2- Mais do que quererem ser acompanhados no CAPS ou UBS, eles não querem é ser ENCAMINHADOS, questionando assim a lógica do encaminhamento e consequente não compartilhamento.
3- O que faz um serviço estar próximo da residência não é algo da geografia. Provavelmente esse CAPS está mais próximo do usuário do que a própria UBS.
4- De qualquer forma parece que o CAPS está distante de alguma forma da Atenção Básica, e acho que se o mesmo se aproximar do território vai estar automaticamente levando consigo esses "familiares".
Grande provocação Cleida! Abraço!
Oi sou Eliane de Fortaleza, não está muito claro, mas pelo que eu entendi, o motivo da escolha é uma atitude natural vindo de usuários. O novo é sempre uma preocupação, principalmente no que se refere a humanização, o diferente é sempre assustador.
Para entender melhor, seria necessário uma avaliação mais profunda do local, varia muito de Estado para Estado, Fortaleza por exemplo, tem uma deficiência muito grande na unidades de CAPS. É falha de gestão, as vezes a unidade até oferece mais conforto, oficinas, atividades psicopedagógicas, no entanto, a recepção é decepcionante, somos tratados com indiferênça, isso é marcante. O que mais desmotiva nós usuários dos serviços do SUS em geral é o atendimento.
A maioria dos funcinários dos serviços de saúde são insatisfeitos e transferem todos aborrecimentos para os usuários que não têm culpa de nada, chegam frágeis, debilitados, sem perspectivas de vida, em busca de apoio.
Eu já precisei levar um familiar a um CAPS e encontrei muitas dificuldades, a primeira foi encontrar vagas, depois, a falta de profissionais capacitados, não marca por telefone, fui três vezes e não tinha médicos, na quarta vez tinha médico mais não tinha remédio, com uma semana chegou remédio e faltou vale-transporte, resumindo, desisti. Então, existem motivos relevantes que nos fazem optar por outros serviços.

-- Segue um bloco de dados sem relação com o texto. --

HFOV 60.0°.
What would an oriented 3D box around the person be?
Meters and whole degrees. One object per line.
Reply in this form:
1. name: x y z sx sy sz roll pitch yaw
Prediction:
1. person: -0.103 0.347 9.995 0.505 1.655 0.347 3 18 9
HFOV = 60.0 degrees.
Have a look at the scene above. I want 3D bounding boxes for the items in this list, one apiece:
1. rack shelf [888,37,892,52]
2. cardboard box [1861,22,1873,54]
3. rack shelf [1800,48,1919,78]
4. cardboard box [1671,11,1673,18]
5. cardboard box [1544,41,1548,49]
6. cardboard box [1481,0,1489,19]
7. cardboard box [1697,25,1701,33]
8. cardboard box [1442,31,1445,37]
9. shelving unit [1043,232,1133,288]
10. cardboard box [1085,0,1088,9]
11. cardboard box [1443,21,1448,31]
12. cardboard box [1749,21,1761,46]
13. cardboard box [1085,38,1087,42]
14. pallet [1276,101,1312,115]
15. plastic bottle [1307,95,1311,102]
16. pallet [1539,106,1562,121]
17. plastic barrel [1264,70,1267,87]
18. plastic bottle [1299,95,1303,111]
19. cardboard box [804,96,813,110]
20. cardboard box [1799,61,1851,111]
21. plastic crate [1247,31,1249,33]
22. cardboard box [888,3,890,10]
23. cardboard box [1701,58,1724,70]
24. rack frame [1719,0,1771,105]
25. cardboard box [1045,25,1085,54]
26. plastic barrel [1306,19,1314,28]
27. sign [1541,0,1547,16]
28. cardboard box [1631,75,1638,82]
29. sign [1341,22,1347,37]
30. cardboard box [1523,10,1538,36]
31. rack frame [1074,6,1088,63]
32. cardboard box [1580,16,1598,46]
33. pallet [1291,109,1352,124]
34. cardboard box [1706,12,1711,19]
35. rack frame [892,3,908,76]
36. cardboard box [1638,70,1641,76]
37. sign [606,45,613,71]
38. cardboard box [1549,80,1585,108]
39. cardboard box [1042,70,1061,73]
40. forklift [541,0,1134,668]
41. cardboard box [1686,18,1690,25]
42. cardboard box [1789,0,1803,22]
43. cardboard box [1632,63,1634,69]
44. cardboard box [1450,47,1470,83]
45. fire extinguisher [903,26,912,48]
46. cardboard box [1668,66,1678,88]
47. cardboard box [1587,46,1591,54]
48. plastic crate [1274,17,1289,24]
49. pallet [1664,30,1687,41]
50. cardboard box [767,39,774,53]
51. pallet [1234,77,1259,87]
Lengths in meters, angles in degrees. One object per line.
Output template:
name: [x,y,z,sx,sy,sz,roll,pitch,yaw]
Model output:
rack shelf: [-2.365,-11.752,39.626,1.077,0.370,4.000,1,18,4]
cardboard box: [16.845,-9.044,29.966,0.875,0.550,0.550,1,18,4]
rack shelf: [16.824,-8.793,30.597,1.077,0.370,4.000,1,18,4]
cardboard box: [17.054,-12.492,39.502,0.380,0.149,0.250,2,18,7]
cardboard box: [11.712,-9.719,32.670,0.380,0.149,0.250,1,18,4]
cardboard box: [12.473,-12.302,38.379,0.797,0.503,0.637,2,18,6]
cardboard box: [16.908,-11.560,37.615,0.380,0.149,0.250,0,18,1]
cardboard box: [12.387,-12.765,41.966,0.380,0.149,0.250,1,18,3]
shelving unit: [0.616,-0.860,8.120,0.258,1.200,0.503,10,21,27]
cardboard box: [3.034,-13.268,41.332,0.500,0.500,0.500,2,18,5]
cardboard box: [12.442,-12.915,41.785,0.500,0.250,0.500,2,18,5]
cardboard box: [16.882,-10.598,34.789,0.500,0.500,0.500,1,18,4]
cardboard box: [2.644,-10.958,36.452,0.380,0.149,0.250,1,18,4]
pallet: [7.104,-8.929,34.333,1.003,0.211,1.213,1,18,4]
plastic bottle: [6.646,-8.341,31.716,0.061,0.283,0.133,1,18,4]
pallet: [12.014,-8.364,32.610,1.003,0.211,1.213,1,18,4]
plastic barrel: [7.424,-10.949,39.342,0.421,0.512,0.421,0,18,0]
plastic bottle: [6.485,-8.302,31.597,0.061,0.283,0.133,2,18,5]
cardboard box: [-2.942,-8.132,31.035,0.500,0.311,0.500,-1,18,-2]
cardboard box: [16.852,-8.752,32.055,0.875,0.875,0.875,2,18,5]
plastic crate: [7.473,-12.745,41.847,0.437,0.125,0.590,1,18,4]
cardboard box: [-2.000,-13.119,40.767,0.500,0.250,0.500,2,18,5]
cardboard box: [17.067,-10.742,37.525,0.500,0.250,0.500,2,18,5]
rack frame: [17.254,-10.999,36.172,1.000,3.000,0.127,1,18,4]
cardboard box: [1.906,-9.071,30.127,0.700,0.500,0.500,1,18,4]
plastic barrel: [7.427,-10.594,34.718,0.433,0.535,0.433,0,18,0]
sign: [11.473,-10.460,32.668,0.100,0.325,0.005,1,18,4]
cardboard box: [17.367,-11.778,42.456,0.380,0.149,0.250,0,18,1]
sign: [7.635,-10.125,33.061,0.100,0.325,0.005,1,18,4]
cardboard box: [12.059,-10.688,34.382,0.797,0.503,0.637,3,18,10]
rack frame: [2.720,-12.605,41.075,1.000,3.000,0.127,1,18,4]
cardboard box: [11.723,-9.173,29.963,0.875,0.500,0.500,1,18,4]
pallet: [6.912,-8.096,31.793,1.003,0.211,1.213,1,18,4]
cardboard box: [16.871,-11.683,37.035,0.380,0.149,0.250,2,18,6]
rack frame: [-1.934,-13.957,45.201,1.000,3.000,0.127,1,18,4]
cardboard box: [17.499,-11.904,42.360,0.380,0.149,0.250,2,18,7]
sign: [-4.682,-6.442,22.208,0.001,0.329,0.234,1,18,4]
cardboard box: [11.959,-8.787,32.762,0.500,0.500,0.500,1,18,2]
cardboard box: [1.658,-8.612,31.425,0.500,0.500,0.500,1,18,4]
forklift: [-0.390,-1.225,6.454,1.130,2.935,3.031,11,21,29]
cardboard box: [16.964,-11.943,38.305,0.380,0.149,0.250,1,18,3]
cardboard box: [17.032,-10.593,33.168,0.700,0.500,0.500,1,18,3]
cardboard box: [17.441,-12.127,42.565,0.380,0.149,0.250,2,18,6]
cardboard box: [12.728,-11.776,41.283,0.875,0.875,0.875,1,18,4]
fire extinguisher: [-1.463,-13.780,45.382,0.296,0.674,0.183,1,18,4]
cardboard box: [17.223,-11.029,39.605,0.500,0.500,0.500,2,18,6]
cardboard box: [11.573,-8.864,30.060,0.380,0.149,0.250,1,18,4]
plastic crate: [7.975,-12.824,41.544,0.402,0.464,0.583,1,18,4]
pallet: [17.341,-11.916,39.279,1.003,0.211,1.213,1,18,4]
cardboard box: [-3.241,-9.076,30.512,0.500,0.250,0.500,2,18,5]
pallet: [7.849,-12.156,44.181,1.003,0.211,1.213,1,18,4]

Por Maria Luiza Carrilho Sardenberg
Caríssima Cleida,
A situação que você relata precisa de mais desdobramentos para que fique explícita a gama de fatores a considerar. Por exemplo: por que fazer esta mudança de local de tratamento? Quem ou o que a demanda?
A força da vinculação é um dos motores do tratamento, concordas?
O grupo de trabalhadores ao qual você se engaja em teu local costuma conversar sobre a clínica entre os pares e com os usuários?
Enfim, aguardamos a tua resposta para continuar a conversa, ok?